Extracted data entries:
========================
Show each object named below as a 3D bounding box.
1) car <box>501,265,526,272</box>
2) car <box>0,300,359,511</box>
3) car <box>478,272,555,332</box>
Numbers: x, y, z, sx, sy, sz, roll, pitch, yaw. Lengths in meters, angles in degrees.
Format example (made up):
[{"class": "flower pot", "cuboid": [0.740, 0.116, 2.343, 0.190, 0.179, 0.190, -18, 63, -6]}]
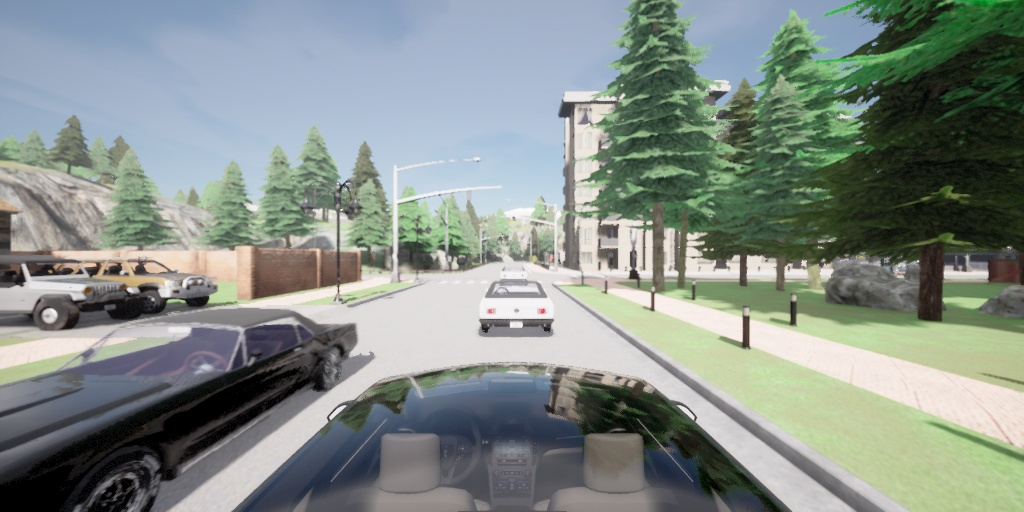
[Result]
[{"class": "car", "cuboid": [0.099, 1.348, 26.399, 1.895, 1.301, 4.718, 0, 0, 0]}, {"class": "car", "cuboid": [-3.593, 1.350, 4.006, 1.895, 1.301, 4.718, 0, 0, 0]}, {"class": "car", "cuboid": [0.112, 1.349, 10.804, 1.895, 1.301, 4.718, 0, 0, 0]}]
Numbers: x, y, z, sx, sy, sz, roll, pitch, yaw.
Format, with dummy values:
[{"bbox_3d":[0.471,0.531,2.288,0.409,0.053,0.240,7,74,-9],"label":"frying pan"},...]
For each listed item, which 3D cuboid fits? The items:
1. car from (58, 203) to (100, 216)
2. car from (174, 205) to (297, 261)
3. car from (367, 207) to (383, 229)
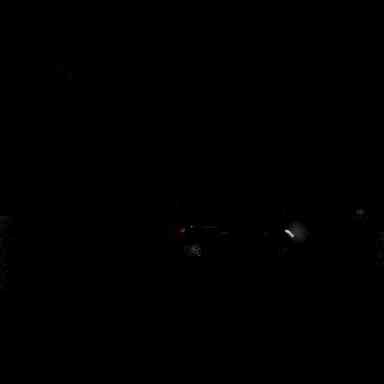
[{"bbox_3d":[-13.253,2.003,39.148,2.128,1.511,4.902,-1,-1,45],"label":"car"},{"bbox_3d":[1.586,1.518,12.670,4.553,1.767,2.097,0,-1,-6],"label":"car"},{"bbox_3d":[14.013,1.805,23.958,2.128,1.511,4.902,0,-1,18],"label":"car"}]
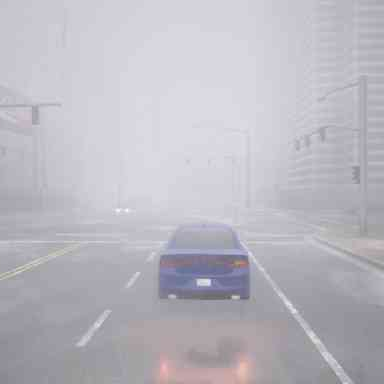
========================
DIRECTIONS FOR THIS TASK
The lines to copy are those above that contain "roll".

TASK SOLUTION
Numbers: x, y, z, sx, sy, sz, roll, pitch, yaw. Lengths in meters, angles in degrees.
Numbers: x, y, z, sx, sy, sz, roll, pitch, yaw.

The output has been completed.